SEF Rules Raise Liquidity Challenges
With the ink hardly dry on the Commodity Futures Trading Commission’s final rules for swap execution facilities, concerns exist that a proliferation of SEFs, each competing for a slice of the OTC swap business, will lead to a fragmentation of liquidity such as has occurred in the equity markets and other asset classes.
The immediate concern revolves around the “made available to trade” rule or MAT for short, which states that a swap that is subject to a mandatory clearing determination by the CFTC must be traded on a DCM or SEF, except where no DCM or SEF has made the swap “available to trade.”

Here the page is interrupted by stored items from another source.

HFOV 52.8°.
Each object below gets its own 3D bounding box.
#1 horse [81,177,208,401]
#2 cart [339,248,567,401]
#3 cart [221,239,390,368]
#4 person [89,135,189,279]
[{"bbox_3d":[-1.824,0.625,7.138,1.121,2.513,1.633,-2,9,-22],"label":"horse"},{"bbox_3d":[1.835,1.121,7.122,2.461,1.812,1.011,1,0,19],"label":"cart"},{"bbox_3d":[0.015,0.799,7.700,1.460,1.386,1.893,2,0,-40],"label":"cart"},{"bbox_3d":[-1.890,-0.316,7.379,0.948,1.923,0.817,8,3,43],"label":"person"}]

The MAT rule sets forth the factors a SEF or DCM must consider in determining whether a particular swap should be made available to trade, such as whether there are ready and willing buyers and sellers; the frequency or size of transactions; the trading volume; the number and types of market participants; the bid/ask spread; or the usual number of resting firm or indicative bids and offers.
Once a swap is approved or deemed certified as “available to trade,” all other DCMs and SEFs that list or offer that swap for trading must comply with the trade execution requirements of the applicable SEF or DCM rule.

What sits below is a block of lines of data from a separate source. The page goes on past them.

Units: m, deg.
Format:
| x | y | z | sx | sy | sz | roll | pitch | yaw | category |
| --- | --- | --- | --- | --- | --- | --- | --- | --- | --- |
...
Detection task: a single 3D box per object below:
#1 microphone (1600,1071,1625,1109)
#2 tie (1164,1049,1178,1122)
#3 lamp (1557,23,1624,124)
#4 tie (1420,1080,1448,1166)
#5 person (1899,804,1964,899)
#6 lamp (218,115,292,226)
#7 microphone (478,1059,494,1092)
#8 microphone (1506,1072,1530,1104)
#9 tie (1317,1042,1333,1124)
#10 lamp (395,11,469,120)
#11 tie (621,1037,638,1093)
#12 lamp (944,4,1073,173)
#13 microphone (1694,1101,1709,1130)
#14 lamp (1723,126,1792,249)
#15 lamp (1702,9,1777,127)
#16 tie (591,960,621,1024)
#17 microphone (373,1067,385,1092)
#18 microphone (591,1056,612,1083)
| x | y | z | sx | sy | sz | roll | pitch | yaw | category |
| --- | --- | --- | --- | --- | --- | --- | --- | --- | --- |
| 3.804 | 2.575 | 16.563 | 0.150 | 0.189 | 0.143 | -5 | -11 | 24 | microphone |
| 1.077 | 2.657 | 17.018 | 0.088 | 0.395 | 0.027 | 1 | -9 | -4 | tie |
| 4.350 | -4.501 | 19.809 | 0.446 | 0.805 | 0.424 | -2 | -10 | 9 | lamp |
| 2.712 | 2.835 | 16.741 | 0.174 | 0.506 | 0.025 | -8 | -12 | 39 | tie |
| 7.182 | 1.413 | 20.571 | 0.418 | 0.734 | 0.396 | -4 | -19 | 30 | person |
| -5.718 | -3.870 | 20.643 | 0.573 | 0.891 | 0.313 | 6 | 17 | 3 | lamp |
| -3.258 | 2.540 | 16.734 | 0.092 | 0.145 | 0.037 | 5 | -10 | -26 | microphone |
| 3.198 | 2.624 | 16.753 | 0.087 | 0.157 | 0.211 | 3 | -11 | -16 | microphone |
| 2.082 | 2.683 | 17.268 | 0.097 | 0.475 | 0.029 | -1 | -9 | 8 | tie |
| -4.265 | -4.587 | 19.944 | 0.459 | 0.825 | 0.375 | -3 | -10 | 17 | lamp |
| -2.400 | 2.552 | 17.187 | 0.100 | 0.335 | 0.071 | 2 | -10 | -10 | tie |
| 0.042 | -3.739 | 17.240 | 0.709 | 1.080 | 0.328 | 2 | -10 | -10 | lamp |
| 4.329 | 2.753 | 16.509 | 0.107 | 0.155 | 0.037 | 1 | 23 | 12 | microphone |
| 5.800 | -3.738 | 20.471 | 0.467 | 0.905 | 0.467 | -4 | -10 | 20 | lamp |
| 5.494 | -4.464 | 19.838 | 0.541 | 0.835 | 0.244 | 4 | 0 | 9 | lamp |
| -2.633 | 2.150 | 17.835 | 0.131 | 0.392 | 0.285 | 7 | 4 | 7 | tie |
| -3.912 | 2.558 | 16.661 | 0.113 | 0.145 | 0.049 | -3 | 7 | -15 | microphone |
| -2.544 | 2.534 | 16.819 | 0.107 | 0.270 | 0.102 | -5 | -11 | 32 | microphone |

The incentive for a DCM or SEF to make MAT determinations are underscored by the history of central execution markets, which reflects that a significant, and perhaps insurmountable, first-mover advantage exists for the trading facility that first brings a given product to market.
“SEFs are now incentivized to find reasons to list instruments and declare them, ‘made available to trade,’” said Daniel Parker, vice president of solutions consulting at SunGard’s capital markets business, in a blog posting. “This race to the bottom will likely result in mass SEF consolidation, but before that, we will embark on one of the greatest shifts of market-inspired transparency aggregation in history.”
CME reported a substantial increase in cleared OTC derivatives in March as a result of the first phase of mandatory clearing. For the CME, cleared OTC IRS volume (notional value) was $488.9 billion in March, up from $13.7 billion in the prior month. Since launching in October 2010, total IRS volume cleared is $3.3trillion as of May 2013.
At ICE, cleared OTC CDS volume (notional value) was approximately $1 trillion in March. Through May 2013, total CDS cleared is $41 trillion.
“We expect broader regulation of swaps-market participants and dealers to drive costs higher over the next few years as OTC activity migrates to central clearing through multiple CCPs both in the U.S. and overseas,” said Tara Kriss, senior director of financial institutions at Fitch Ratings, in a report.
Regulations will result in higher reporting and infrastructure-related costs tied to this migration, in addition to new collateral and margining requirements.
“Now that the purpose of the SEF rules has been articulated, the resulting message invites ISVs to embark on the next big thing; specifically, swap processing services such as transparency aggregation, market visibility, or analytics such as portfolio compression or risk mitigation techniques,” said SunGard’s Parker. “Each component is an integral part of a successfully functioning swaps market.
The “next big thing” never comes without its challenges. “From a delivery perspective, in this post-SEF environment, it is important to be mindful of separating execution capabilities from a processing services offering – which is the bright-line distinction between leveraging facility execution and being an execution facility,” Parker said.